自动化垂直智能体的验证流程 | AI生成和翻译
简短回答:你基本正确。可扩展的方式是构建垂直的、编码化的智能体来调用LLM API,并配合强大的自动化验证。你仍然需要”异常时人工介入”的循环,而非”完全无需人工”,因为现实情况包括API故障、模型漂移和边缘案例。但对于范围明确且具备良好检查机制的任务,你可以实现全自动化运行。
以下是可实施的实用蓝图。
实现”全自动化”的真正要素
- 确定性框架:代码计划/模板只需生成一次,然后进行参数化;不要每次运行都”从头开始重新提示”

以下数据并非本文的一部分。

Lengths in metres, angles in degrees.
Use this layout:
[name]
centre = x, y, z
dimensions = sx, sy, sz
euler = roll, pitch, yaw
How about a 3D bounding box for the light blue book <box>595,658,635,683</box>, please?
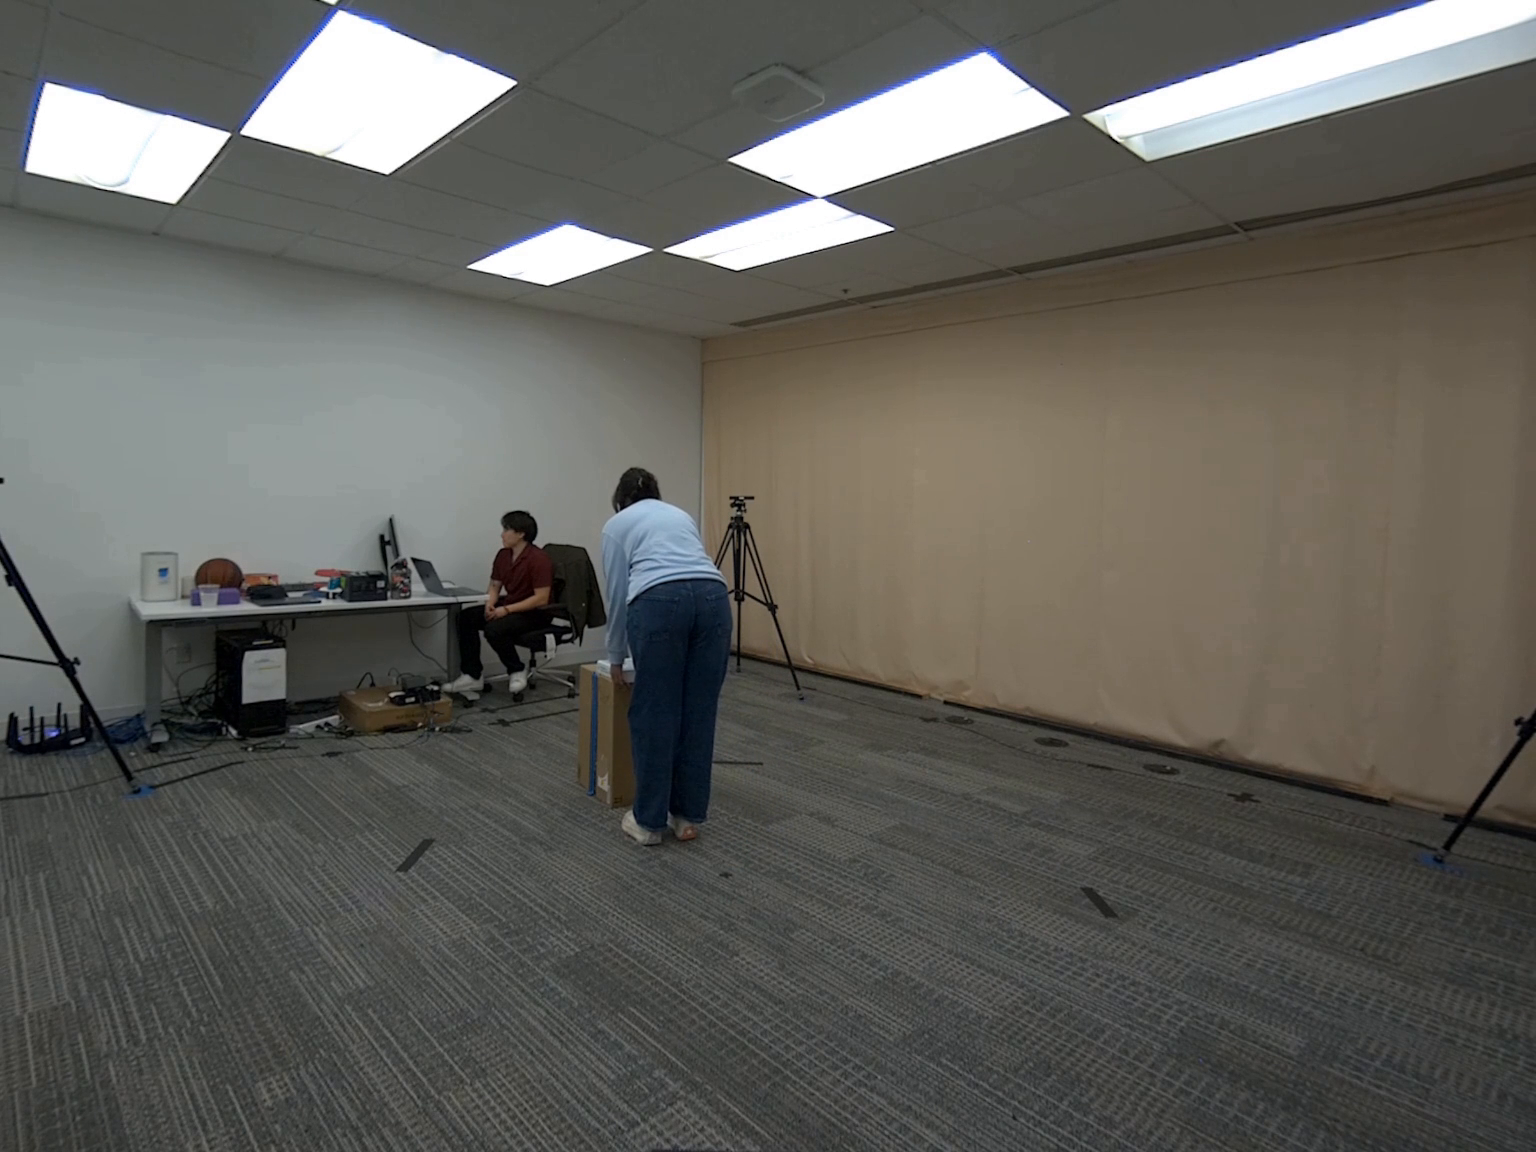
[light blue book]
centre = -0.646, 0.430, 3.856
dimensions = 0.187, 0.059, 0.267
euler = 0, 5, -35
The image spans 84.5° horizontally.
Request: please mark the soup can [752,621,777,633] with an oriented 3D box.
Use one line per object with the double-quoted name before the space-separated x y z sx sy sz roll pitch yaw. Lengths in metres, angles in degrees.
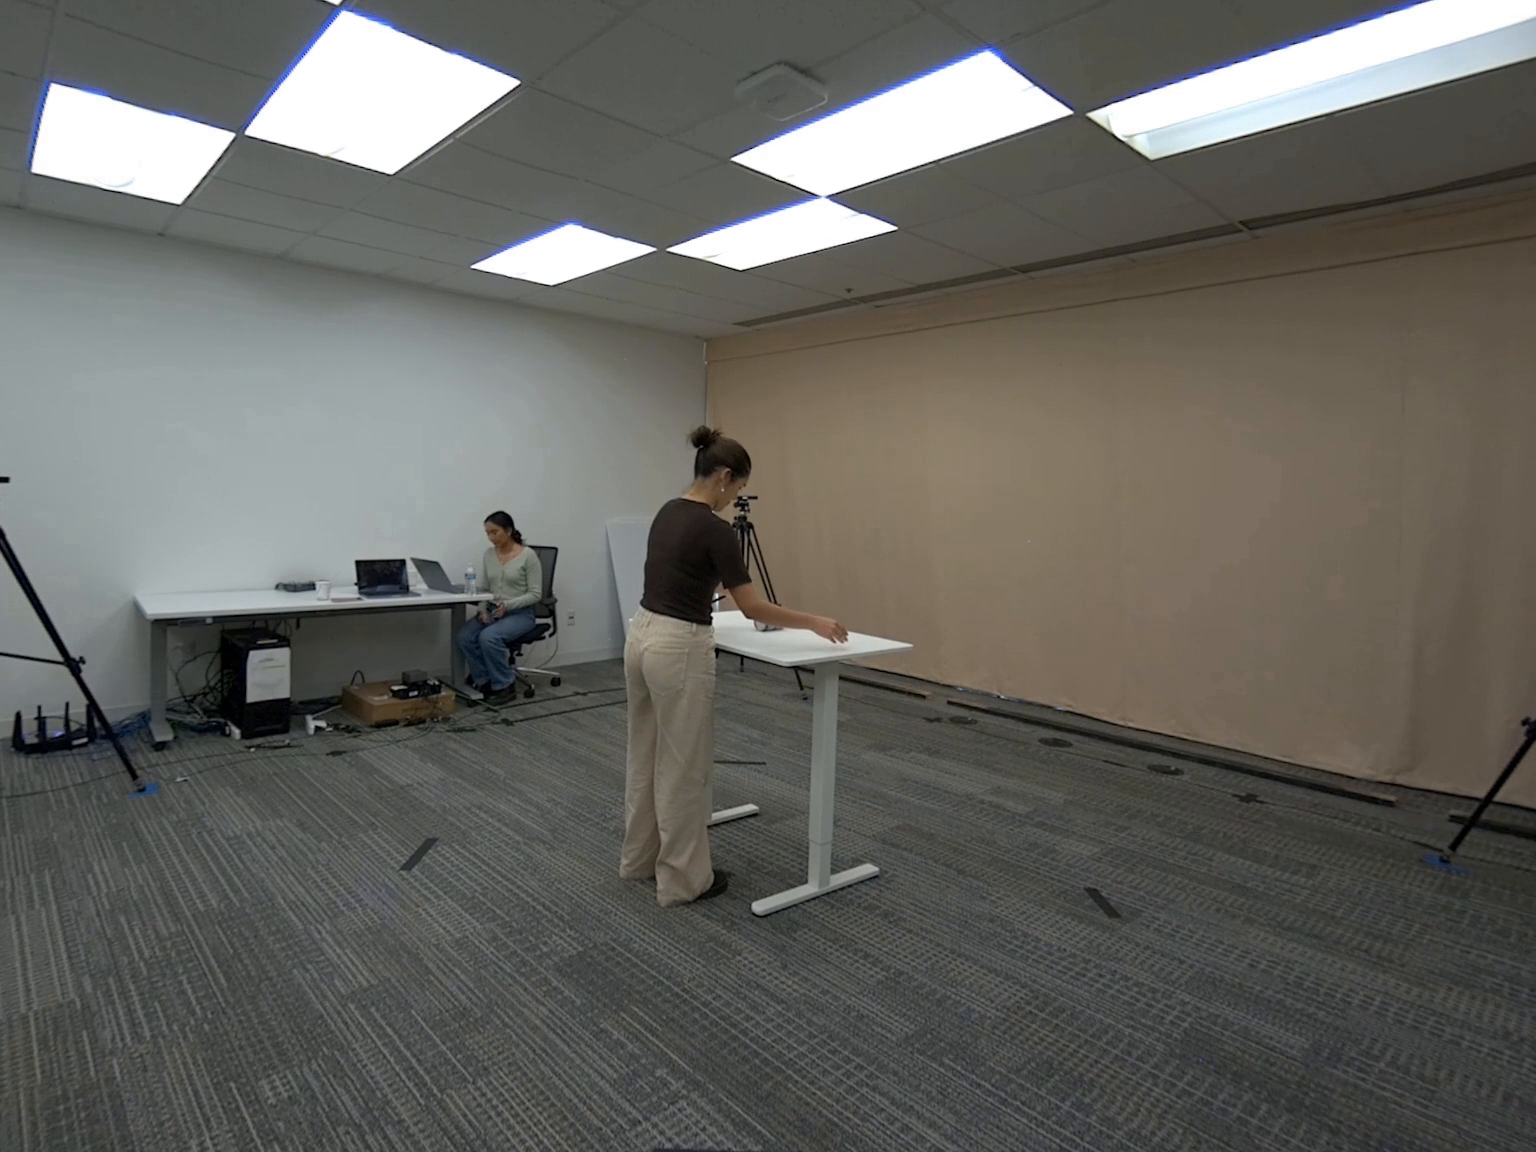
"soup can" 0.008 0.177 3.251 0.119 0.067 0.069 -4 7 -37
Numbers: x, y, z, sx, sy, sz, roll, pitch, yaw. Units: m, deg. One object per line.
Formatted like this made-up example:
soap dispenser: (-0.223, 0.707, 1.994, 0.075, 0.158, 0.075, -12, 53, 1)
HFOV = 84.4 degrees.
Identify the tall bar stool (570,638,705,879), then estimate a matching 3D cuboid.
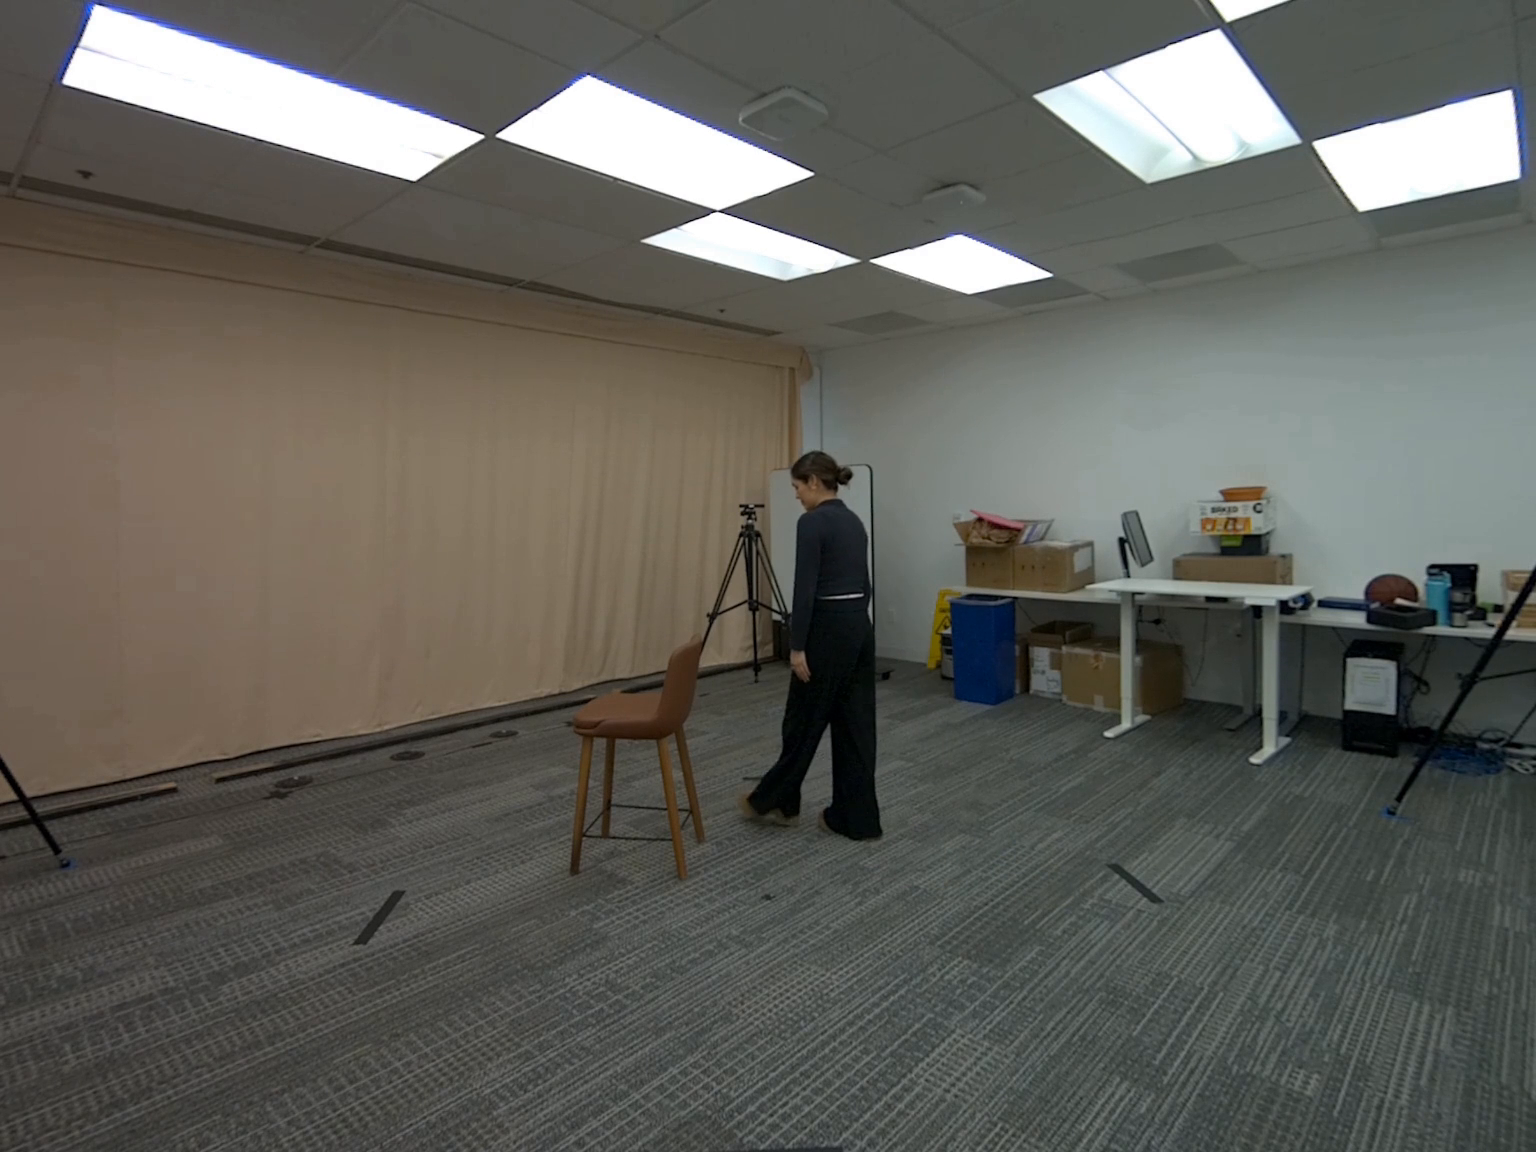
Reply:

- 类型化、模式化的输入输出:强制LLM返回JSON格式,并在使用前由代码进行验证
- 基础检查:通过工具、编译器、单元测试、代码检查器、HTTP模拟、SQL模式等验证输出
- 风险门控:仅在置信度和检查通过时自动应用更改;否则创建审查工单/PR
- 可观测性:日志、追踪、成本/延迟监控、成功率、漂移/警报阈值
- 深度防御:多模型交叉检查、自一致性投票、沙箱执行、差异大小限制、白名单/黑名单
参考架构(精简而可靠)
- 控制器:从队列(Kafka/SQS/Redis/简单数据库)读取任务
- 规划器(LLM):将任务转化为具体计划和结构化步骤
- 执行器(工具+必要时使用LLM):代码编辑、API调用、文件操作
- 验证器:模式/类型检查、静态分析、单元测试、黄金测试
- 策略引擎:决定自动合并或”需要人工介入”
- 报告器:创建PR、生成问题、发送Slack/邮件摘要
实际有效的验证模式
- JSON模式验证+重试直至有效
- AST解析+基础语义检查(确保类/方法存在)
- 运行ruff/mypy/flake8,pytest(含覆盖率阈值),bandit安全扫描
- 文本/数据:正则表达式不变量、参考答案、BLEU/ROUGE阈值或定制业务规则
- 调用外部系统:先进行模拟/桩测试;生产环境金丝雀部署采用只读或影子模式;然后逐步推广
入门:Python”垂直智能体”框架
该框架支持并行执行任务,强制JSON输出,进行验证,运行本地检查,并自动应用更改或创建PR。请将call_llm()桩函数替换为您的提供商/路由器。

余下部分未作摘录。